I tried it before watching. If you want to solve it on hard mode, introduce α in the ln with 2+αx only in the numerator (so I(-1) = 0) then try to solve it. I went through two separate Feynman techniques then did an integration by parts to get dialogarithms before I found an error in the beginning of my work, where i forgot to divide by two. I don't want to re-do most of the work, but it seems possible that way.

Bro solved a monster integral and when he had to evaluate 1/2-1/3 he said this is the hard part 😭💀

If you rewrite ln[(2+x)/(2-x)] as a series combine and switch them sums, we can rewrite the integral as the beta function.

the "constant of integration C" line made me piss my trousers

Yes, indeed, write ln[(2+x)/(2-x)] = ln(1+ x/2) - ln(1-x/2) = 2*argth(x/2) and expand those ln's in taylor series as for 0

1:10 when alpha=inf it approch zero Hence you can straight away intergrate the whole thing from [2,inf)11:43

*uses the overpowered technique of looking up a table of antiderivatives*

Very nice solution.
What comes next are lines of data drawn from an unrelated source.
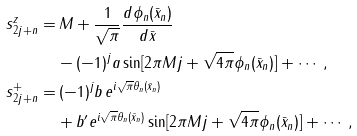Convert formula to latex. <formula><loc_0><loc_0><loc_500><loc_500>s ^ { z } _ { 2 j + n } = & \, M + \frac { 1 } { \sqrt { \pi } } \frac { d \phi _ { n } ( \bar { x } _ { n } ) } { d \bar { x } } \\ & - ( - 1 ) ^ { j } a \sin [ 2 \pi M j + \sqrt { 4 \pi } \phi _ { n } ( \bar { x } _ { n } ) ] + \cdots , \\ s ^ { + } _ { 2 j + n } = & \, ( - 1 ) ^ { j } b \, e ^ { i \sqrt { \pi } \theta _ { n } ( \bar { x } _ { n } ) } \\ & + b ^ { \prime } e ^ { i \sqrt { \pi } \theta _ { n } ( \bar { x } _ { n } ) } \sin [ 2 \pi M j + \sqrt { 4 \pi } \phi _ { n } ( \bar { x } _ { n } ) ] + \cdots , \\</formula> 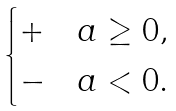Convert formula to latex. <formula><loc_0><loc_0><loc_500><loc_500>\begin{cases} + & a \geq 0 , \\ - & a < 0 . \end{cases}</formula> 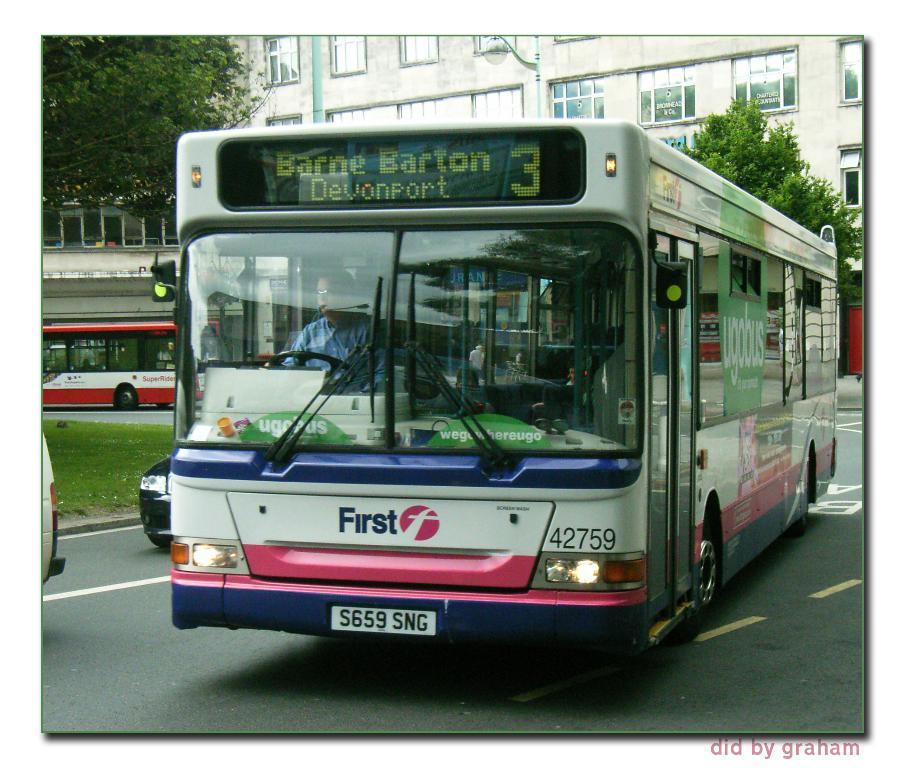Could you give a brief overview of what you see in this image? This image is clicked outside. There is a building at the top. There are buses in the middle. There is grass on the left side. There are trees on the left side and right side. 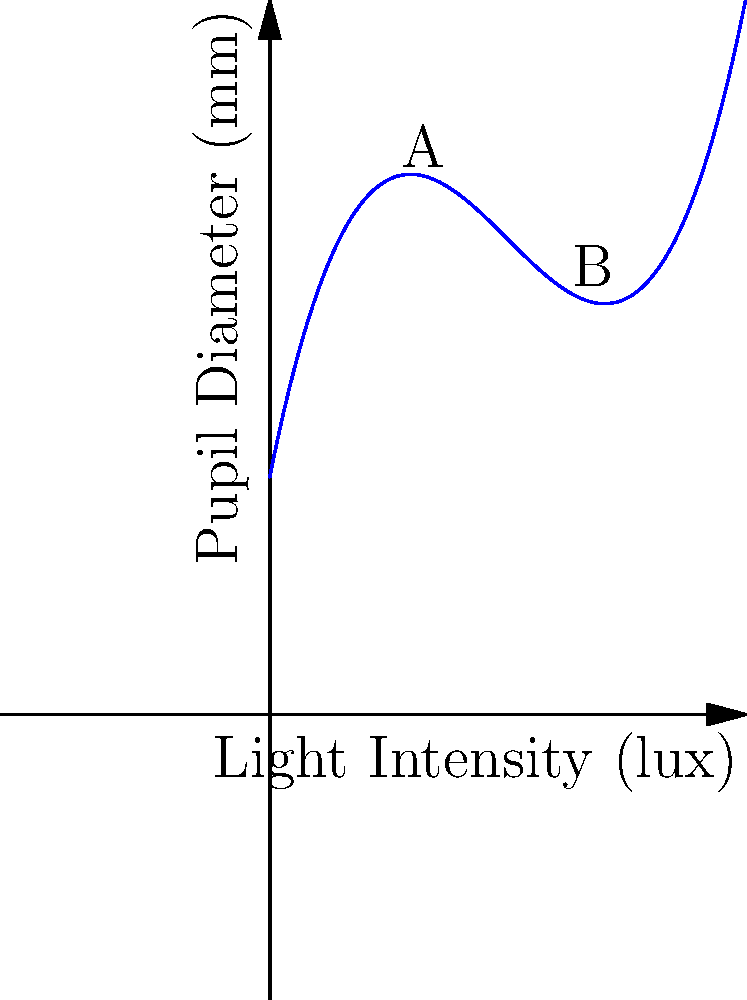The graph shows the relationship between light intensity and pupil diameter using a polynomial curve. At which point does the pupil diameter start to increase again as light intensity increases? What could be a possible explanation for this phenomenon in the context of ophthalmology? To answer this question, we need to analyze the graph and understand the relationship between light intensity and pupil diameter:

1. The x-axis represents light intensity (in lux), while the y-axis represents pupil diameter (in mm).

2. The curve is a polynomial function, specifically a cubic function of the form $f(x) = ax^3 + bx^2 + cx + d$.

3. As we move along the x-axis from left to right (increasing light intensity), we observe that:
   a) Initially, the pupil diameter decreases rapidly (constriction).
   b) The rate of decrease slows down as we approach the minimum point.
   c) After the minimum point (around x = 3), the pupil diameter starts to increase again.

4. The point where the pupil diameter starts to increase again is the local minimum of the function, which occurs at point B on the graph (around x = 3).

5. In the context of ophthalmology, this phenomenon could be explained by:
   a) Initial pupil constriction in response to increasing light intensity is a normal physiological response (miosis).
   b) The unexpected dilation after a certain point (paradoxical dilation) could be due to:
      - Activation of the sympathetic nervous system in response to very bright light, overriding the parasympathetic response.
      - Potential damage to the iris muscles or neural pathways in extremely bright conditions.
      - A protective mechanism to prevent retinal damage by allowing less focused light to enter the eye, effectively reducing the intensity of light on any single point of the retina.

This type of response curve is important for ophthalmologists to understand, as it may indicate normal or abnormal pupillary responses in different lighting conditions.
Answer: Point B (x ≈ 3); Paradoxical dilation due to protective mechanisms or neural responses in extreme brightness.

Thank you

use the fact that integral from 0 to 1 of f(x) = integral from 0 to 1 of f(1-x) to get 1-x in denominator - then use the series expansion of 1/1-x and maybe we get something

12：42 Fourrier series: 1/1²+1/2²+1/3²+1/4²+....=pi²/6

Euler substitution sqrt(1-x^2) = 1 - xt We will have Int(ln((t^2+t+1)/(t^2-t+1))/t,t=0..1) Integration by parts with u = ln((t^2+t+1)/(t^2-t+1)) dv = 1/t dt We have integral 2Int(ln(t)*(t^2-1)/(t^4+t^2+1),t=0..1) Expand rational factor 2Int(ln(t)*(t^2-1)^2/((t^4+t^2+1)(t^2-1)),t=0..1) 2Int((t^4-2t^2+1)*ln(t)/(t^6-1),t=0..1) =-2Int((t^4-2t^2+1)*ln(t)/(1-t^6),t=0..1) Now we expand 1/(1-t^6) as geometric series with common ratio t^6 -2(Int(sum(t^(6n+4)*ln(t),n=0..infinity) -sum(t^(6n+2)*ln(t),n=0..infinity) + sum(t^(6n)*ln(t),n=0..infinity) ,t=0..1) Here we change order of integration and summation then we calculate integrals by parts Finally we will have three sums to evaluate -2(sum(-1/(6n+1)^2,n=0..infinity)-2*sum(-1/(6n+3)^2,n=0..infinity)+sum(-1/(6n+5)^2,n=0..infinity)) -2(sum(-1/(6n+1)^2,n=0..infinity)+sum(-1/(6n+3)^2,n=0..infinity)+sum(-1/(6n+5)^2,n=0..infinity) - 3sum(-1/(6n+3)^2,n=0..infinity)) -2(sum(-1/(2n+1)^2,n=0..infinity)-1/3sum(-1/(2n+1)^2,n=0..infinity)) 2(sum(1/(2n+1)^2,n=0..infinity)-1/3sum(1/(2n+1)^2,n=0..infinity)) 4/3*sum(1/(2n+1)^2,n=0..infinity)=4/3*(sum(1/(n+1)^2,n=0..infinity) - sum(1/(4(n+1)^2),n=0..infinity)) 4/3*sum(1/(2n+1)^2,n=0..infinity)=4/3*(sum(1/(n+1)^2,n=0..infinity) - 1/4*sum(1/(n+1)^2,n=0..infinity)) 4/3*sum(1/(2n+1)^2,n=0..infinity)=4/3*3/4*sum(1/(n+1)^2,n=0..infinity) 4/3*sum(1/(2n+1)^2,n=0..infinity)=sum(1/n^2,n=1..infinity) =π^2/6

1operazione..x=sinθ...{...ln (2+sinθ/2-sinθ)*1/sinθ..}….uso feyman con I(a)={...2-asinθ/2+asinθ...}..I(0)=0,I=I(1)...risulta I'(a)=π/√(4-a^2),I=πarcsin(a/2)...I=I(1)=πarcsin(1/2)=π^2/6

y=ln((1+x)/(1-x)) e^y=(1+x)/(1-x) e^y-xe^y=1+x (1+e^y)x+(1-e^y)=0 x=(e^y-1)/(e^y+1) x=tanh(y/2) y=2artanh(x) ln((1+x)/(1-x))=2artanh(x) not sure what you can do with this but it's something i noticed

9:20 my mind blown bro after seeing the trick of looking up anti derivatives which is not happened quite a while pardon me not quite almost never (except some differential equation videos)😅 😊😂😂

Thumbnail goes CRAZY 🥵🥵

Yes, ζ(s) = π^2 /2 - π arcsec(s)

I think I missed the part of the solution where you got the cosecant and cotangent functions in as well.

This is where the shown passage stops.